Repeat exactly the lines from the start of the records below through the line that contains "5. plush dog", including both.

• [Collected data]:
☆ ☆ ☆ ☆ ☆

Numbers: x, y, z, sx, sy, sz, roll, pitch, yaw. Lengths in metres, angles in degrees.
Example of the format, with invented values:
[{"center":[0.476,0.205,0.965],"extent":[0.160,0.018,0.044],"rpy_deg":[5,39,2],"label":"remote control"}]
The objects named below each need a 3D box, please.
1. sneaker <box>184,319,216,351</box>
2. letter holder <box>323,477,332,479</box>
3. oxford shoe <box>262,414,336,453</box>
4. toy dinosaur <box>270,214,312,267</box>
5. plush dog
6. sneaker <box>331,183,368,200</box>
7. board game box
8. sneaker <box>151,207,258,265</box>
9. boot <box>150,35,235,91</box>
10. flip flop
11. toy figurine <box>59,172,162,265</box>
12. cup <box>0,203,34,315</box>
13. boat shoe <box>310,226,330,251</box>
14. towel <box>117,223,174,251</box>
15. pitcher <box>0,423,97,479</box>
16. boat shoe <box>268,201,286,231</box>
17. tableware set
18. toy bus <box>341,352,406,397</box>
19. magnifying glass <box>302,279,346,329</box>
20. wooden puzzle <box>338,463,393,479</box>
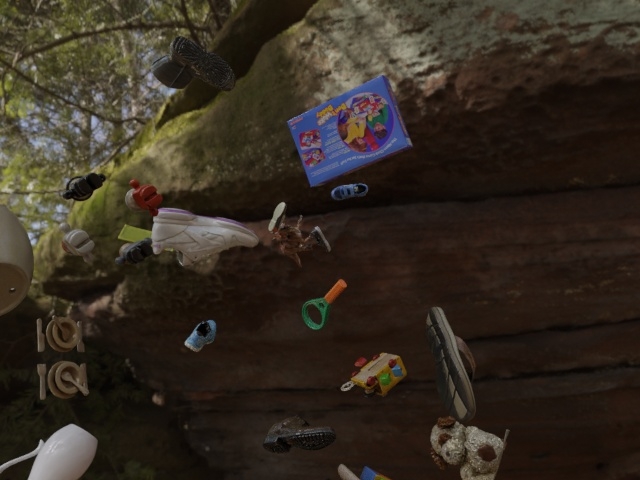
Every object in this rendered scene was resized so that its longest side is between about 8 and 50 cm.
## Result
[{"center":[-0.350,0.279,1.503],"extent":[0.063,0.162,0.073],"rpy_deg":[33,-76,-1],"label":"sneaker"},{"center":[0.084,0.912,1.484],"extent":[0.302,0.214,0.152],"rpy_deg":[20,2,26],"label":"letter holder"},{"center":[-0.056,0.524,1.360],"extent":[0.227,0.096,0.083],"rpy_deg":[-14,-55,27],"label":"oxford shoe"},{"center":[-0.153,0.006,2.379],"extent":[0.200,0.127,0.296],"rpy_deg":[-18,-48,-25],"label":"toy dinosaur"},{"center":[0.468,0.667,1.597],"extent":[0.210,0.225,0.262],"rpy_deg":[-31,-50,-50],"label":"plush dog"},{"center":[0.110,-0.184,1.821],"extent":[0.144,0.053,0.059],"rpy_deg":[-12,-1,-13],"label":"sneaker"},{"center":[0.091,-0.342,1.580],"extent":[0.347,0.233,0.078],"rpy_deg":[-20,0,23],"label":"board game box"},{"center":[-0.326,0.002,1.386],"extent":[0.305,0.152,0.114],"rpy_deg":[10,-3,-28],"label":"sneaker"},{"center":[-0.332,-0.424,1.264],"extent":[0.189,0.076,0.208],"rpy_deg":[36,-24,-22],"label":"boot"},{"center":[0.305,0.270,1.115],"extent":[0.080,0.277,0.112],"rpy_deg":[6,-50,-11],"label":"flip flop"},{"center":[-0.492,-0.047,1.148],"extent":[0.213,0.210,0.148],"rpy_deg":[9,-6,-36],"label":"toy figurine"},{"center":[-0.923,0.080,1.325],"extent":[0.331,0.237,0.331],"rpy_deg":[-36,-38,-34],"label":"cup"},{"center":[0.000,0.000,2.125],"extent":[0.040,0.049,0.142],"rpy_deg":[-36,-54,-9],"label":"boat shoe"},{"center":[-0.746,-0.009,2.141],"extent":[0.237,0.102,0.021],"rpy_deg":[15,-58,-10],"label":"towel"},{"center":[-0.690,0.565,1.241],"extent":[0.177,0.207,0.125],"rpy_deg":[34,-36,-2],"label":"pitcher"},{"center":[-0.172,-0.096,2.062],"extent":[0.043,0.049,0.137],"rpy_deg":[14,-71,-39],"label":"boat shoe"},{"center":[-0.600,0.272,1.164],"extent":[0.039,0.194,0.128],"rpy_deg":[-20,-19,19],"label":"tableware set"},{"center":[0.189,0.461,1.625],"extent":[0.202,0.104,0.191],"rpy_deg":[-21,11,16],"label":"toy bus"},{"center":[0.012,0.192,1.494],"extent":[0.026,0.092,0.231],"rpy_deg":[-22,-23,-43],"label":"magnifying glass"},{"center":[0.224,0.635,1.160],"extent":[0.348,0.080,0.322],"rpy_deg":[31,-18,0],"label":"wooden puzzle"}]

☆ ☆ ☆ ☆ ☆

• [SOLVED PROBLEM]:
Numbers: x, y, z, sx, sy, sz, roll, pitch, yaw. Lengths in metres, angles in degrees.
Example of the format, with invented values:
[{"center":[0.476,0.205,0.965],"extent":[0.160,0.018,0.044],"rpy_deg":[5,39,2],"label":"remote control"}]
The objects named below each need a 3D box, please.
1. sneaker <box>184,319,216,351</box>
2. letter holder <box>323,477,332,479</box>
3. oxford shoe <box>262,414,336,453</box>
4. toy dinosaur <box>270,214,312,267</box>
5. plush dog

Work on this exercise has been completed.